By Heather Ferreyra
Special to the Rice News
The bioinformatics research group of Rice computer scientist Todd Treangen is collaborating with molecular diagnostics company Great Basin Scientific to optimize the design and computational evaluation of molecular detection assays for viral RNA of SARS-CoV-2, the pathogen that causes COVID-19. The aim of the co-development partnership is to streamline development and commercialization of robust and genetically stable COVID-19 testing.
Treangen, an assistant professor of computer science in Rice's Brown School of Engineering, is co-lead of COV-IRT, the COVID-19 International Research Team, which recently held its second international symposium on the latest breakthroughs.

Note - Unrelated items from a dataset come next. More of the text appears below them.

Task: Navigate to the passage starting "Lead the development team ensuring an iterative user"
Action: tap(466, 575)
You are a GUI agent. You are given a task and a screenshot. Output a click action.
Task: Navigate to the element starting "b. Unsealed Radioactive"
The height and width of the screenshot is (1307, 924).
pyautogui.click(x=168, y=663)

The Treangen lab's COVID-19 diagnostics team, led by doctoral student Nicolae Sapoval, postdoctoral scientist Leo Elworth and Treangen, has developed novel bioinformatics software called OliVar, which allows researchers and assay developers to automate and design assays that target regions of the virus genome that have the lowest frequency of mutation. The software aids in designing high-quality molecular detection assays that specifically target regions of high genomic stability. The ability to identify stable genomic regions helps ensure test longevity and robustness for viral genomes that mutate often and evolve rapidly in nature.

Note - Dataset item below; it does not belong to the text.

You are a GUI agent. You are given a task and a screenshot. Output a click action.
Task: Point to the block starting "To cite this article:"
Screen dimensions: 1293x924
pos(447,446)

Additional OliVar team members include software engineer Bryce Kille and doctoral students Yunxi Liu and Yilei Fu.
"This exciting collaboration with Great Basin will allow for computational methods and software developed in my research group to directly contribute to fast, sensitive and affordable detection and monitoring of SARS-CoV-2 and emerging pathogens," Treangen said.
Salt Lake City-based Great Basin is using OliVar-generated primer and probe designs to optimize, test, validate and incorporate into its Great Basin SARS-CoV-2 Direct Test, a reverse transcription polymerase chain reaction-based test currently in late-stage development that aims to detect SARS-CoV-2 RNA directly from upper respiratory patient specimens. The company is expected to seek emergency use authorization for the test from the Food and Drug Administration later this year.
– Heather Ferreyra is a publicist and marketing specialist in Rice’s Department of Computer Science.